Artículo de Ignacio Apócrifo publicado en la Sección de Opinión de El científico alternativo, titulado “El debate necesario sobre la verdad científica ¿Estamos cayendo en el dogmatismo?”.
En los últimos años, la sociedad ha sido testigo de una creciente polarización en torno a temas como el cambio climático, las vacunas, o incluso el propio método científico y la ciencia en general. Mientras que algunos defienden una visión rígida y casi dogmática de lo que consideran “ciencia”, otros reclaman su derecho a cuestionar lo que perciben como verdades oficiales impuestas sin margen para el debate. Se nos insta a “seguir la ciencia”, pero pocas veces se nos invita a cuestionarla críticamente. El problema de fondo radica en que gran parte de lo que hoy consideramos consenso científico se basa en teorías en permanente revisión: hipótesis que han sobrevivido más por su aceptación mayoritaria que por la contundencia irrefutable de las pruebas. La ciencia no es neutral.
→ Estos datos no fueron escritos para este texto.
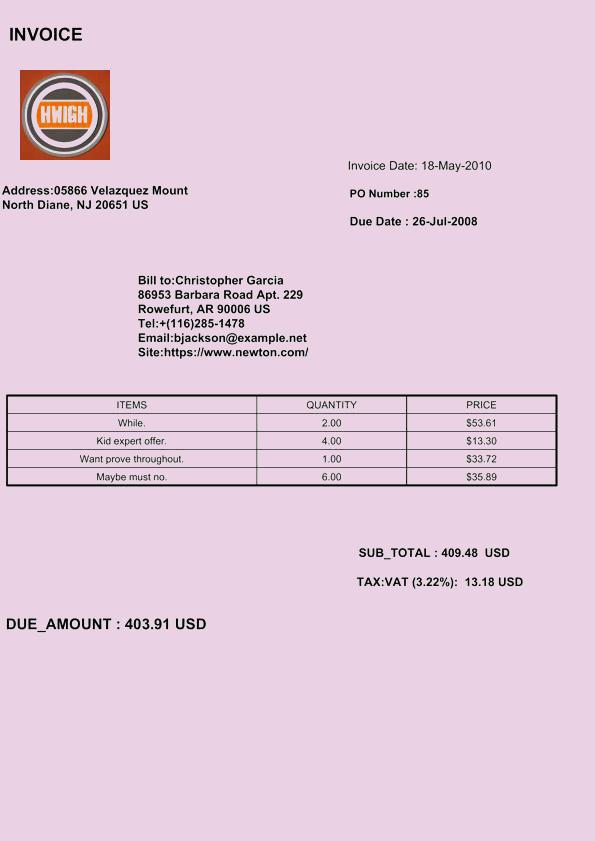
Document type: Invoice
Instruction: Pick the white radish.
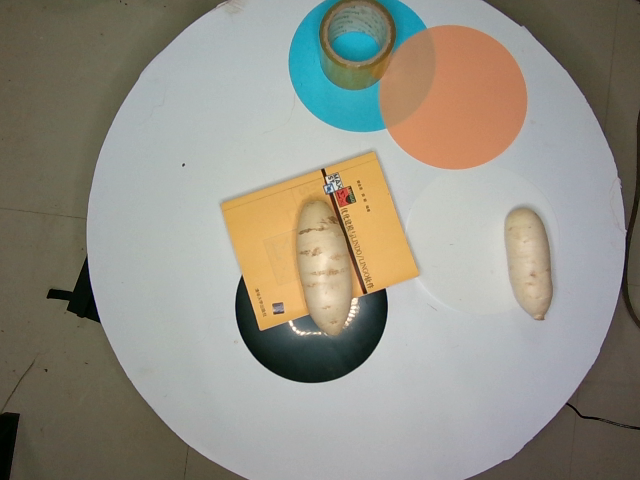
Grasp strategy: vertical

El negacionismo científico ha sido reiteradamente demonizado por los medios y foros científicos oficiales. Sin embargo, cabe preguntarse: ¿acaso no es el cuestionamiento, riguroso y bien argumentado, la base misma del propio método científico? Poner en duda ciertos consensos no debería entenderse automáticamente como un acto de irresponsabilidad, sino como una expresión legítima de sano escepticismo crítico. A lo largo de la historia, muchos avances fundamentales surgieron precisamente de quienes se atrevieron a desafiar las ideas dominantes de su época. Galileo, Servet, Semmelweis o Wegener, fueron duramente cuestionados e incluso perseguidos por oponerse a las ideas aceptadas de su tiempo, aunque hoy sus aportaciones se consideran pilares esenciales del conocimiento científico. Además, no podemos ignorar que el sistema científico actual tampoco está libre de sesgos, muchos de ellos asociados a los tres pilares fundamentales de la generación y difusión del conocimiento: los investigadores, las entidades financiadoras y los medios de publicación. Existen casos documentados de fraude, conflictos de interés, presión por publicar resultados positivos o llamativos, y una tendencia preocupante a publicar solo los resultados con aplicabilidad o impacto aparente, dejando de lado los resultados negativos. A ello se suma la proliferación de publicación de estudios irrelevantes o poco replicables y a manifiestos negocios académicos de amiguetes, así como el auge de denominadas revistas depredadoras (predatory journals), que eluden controles básicos de calidad y revisión por pares (peer review), comprometiendo la fiabilidad del proceso científico. Todo ello nos obliga a plantear una pregunta incómoda, pero necesaria: ¿hasta qué punto el llamado “consenso científico” refleja un conocimiento objetivamente validado, y hasta qué punto puede estar condicionado por intereses económicos, como los de las industrias que financian buena parte de la investigación, o por viciadas dinámicas propias del sistema académico, como la presión por publicar (publish or perish), el prestigio profesional, o las exigencias de promoción dentro de la carrera investigadora. Convertir cualquier forma de crítica en “negacionismo” no solo empobrece el debate, sino que, en última instancia, puede funcionar como una forma sutil de blindar certezas frágiles y dogmas bajo el manto de la autoridad científica.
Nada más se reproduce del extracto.